Star Trek, Episode 34: "Who Mourns for Adonais?"

So, it turns out the Greek gods were real. They were a race of aliens that lived on a planet named Pollux IV and traveled to Earth 5,000 years ago to dick around with us. By the time the Enterprise arrives at Pollux IV, only Apollo is left for no particularly well-explained reason (other than a limited casting budget).

If you're expecting a twist, wherein it's revealed Apollo is a fake, don't. The episode plays it completely straight. Apollo is an actual god who can throw lightning bolts, and make giant green Enterprise-grabbing hands appear in space.

That's the Star Trek scientific explanation. He's a freaking Greek god and you were fools to have doubted.

Though as far as gods go, Apollo is kind of a loser. Kirk is less afraid of him than a trip to the dentist and in the end of the episode Apollo decides to end it all because a chick he met a few hours ago rejected him.

Video Evidence of Greek God Lameness:

See what happens when Apollo dares to step to the real God of the Trek universe, William Shatner. Also... aren't togas supposed to be longer than miniskirt length? We think we see scrotum there.

 

 


With Star Trek warping into theaters this weekend, our sister website Cracked.com has provided some weekend laughs with Star Trek's 6 Most Ridiculous Alien Races, the latest of Mania's Weekly Cracked List which appears at your online destination for genre entertainment every Saturday.

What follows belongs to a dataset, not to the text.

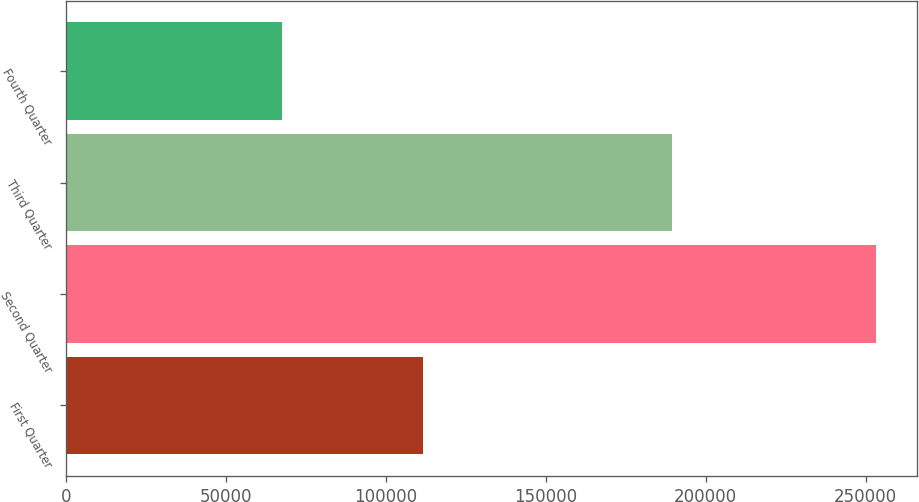<chart> <loc_0><loc_0><loc_500><loc_500><bar_chart><fcel>First Quarter<fcel>Second Quarter<fcel>Third Quarter<fcel>Fourth Quarter<nl><fcel>111606<fcel>253325<fcel>189506<fcel>67610<nl></chart> 
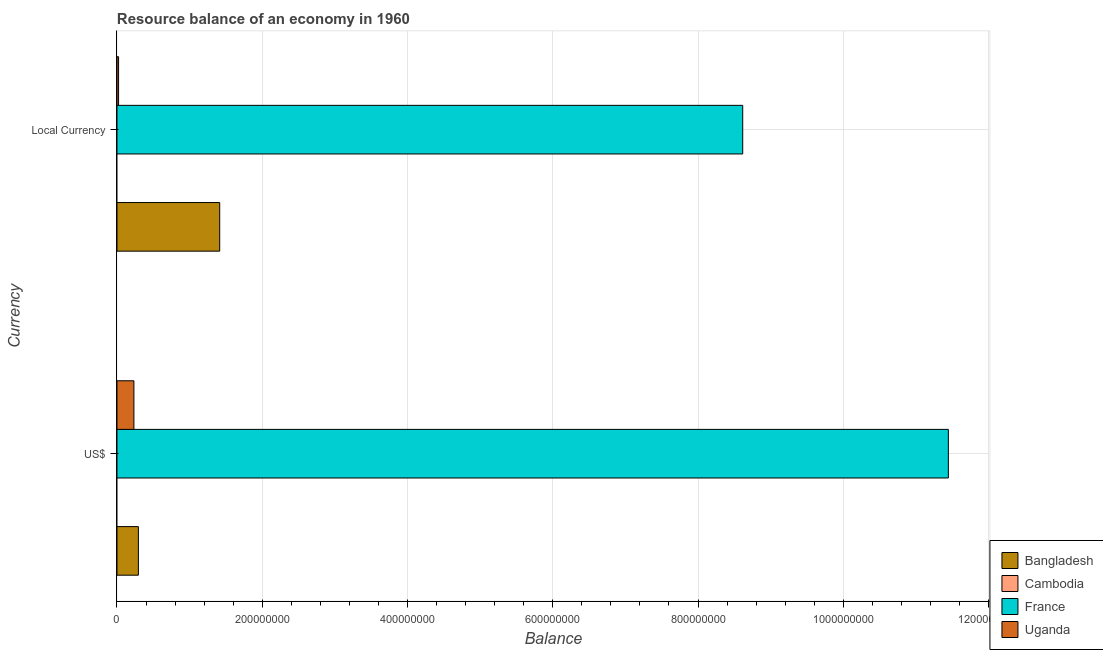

Nathan Birch also writes the far out webcomic Zoology.

COMMENTS AND RESPONSES

Showing items 1 - 5 of 5
1 
Chopsaki 5/9/2009 9:59:06 AM

"The episode's message ends up completely garbled. Intended as a condemnation of homophobia, the episode instead comes off as the story of one woman's brave quest for cock in the face of lesbian tyranny."

Ok that was funny lol.

karas1 5/9/2009 12:12:08 PM

Well, A Piece Of The Action was always one of my favorite eps. ST did comedy so well.

mbeckham1 5/9/2009 1:23:30 PM

What about that "God" douche in Star Trek V. He convinces veryone in the twenty third century Enterprise that he' God by sending psychic messages to Dr. Phil, who turns out to be Spock's brother(who knew) and running a Dr. Who post regeneration title sequence. Come on, The ferengi coud've put on a better show, and then whe they reach big bad almighty he turns out to be a total light weight. First he gets a brain anuerism because Dr. Phil gives him a love hug. Then he cant even kill a human Kirk after taking like twelve point blank shots. But at least his shirt got torn, like that hasn't happened before. Then he gets taken out by a Bird of Prey. One Bird of Prey. The Organians held back two enttire fleets of Starships, Federation and Klingon. Aplollo nearly crushed the Enterprise, and this guy can't even kill one human, then gets shot. That's gotta be the wimpiest pure energy being the Star Trek Universe. He was picked last in Organian Soccar. The Qs wouldn't even laugh at him. That Squire kid is embarrassed. That Silver eyed Mitchell could've probably kicked his ass. Sorry but this guy makes Apollo look like the Fonz.

hanso 5/9/2009 1:35:55 PM

Darkheart.  We'll never forget!

doublec 5/10/2009 5:46:13 PM

"...starts spreading his beardy musk around..."  LMAO!!!!

And Roddenberry hated anybody who worshipped God instead of him,didn't he?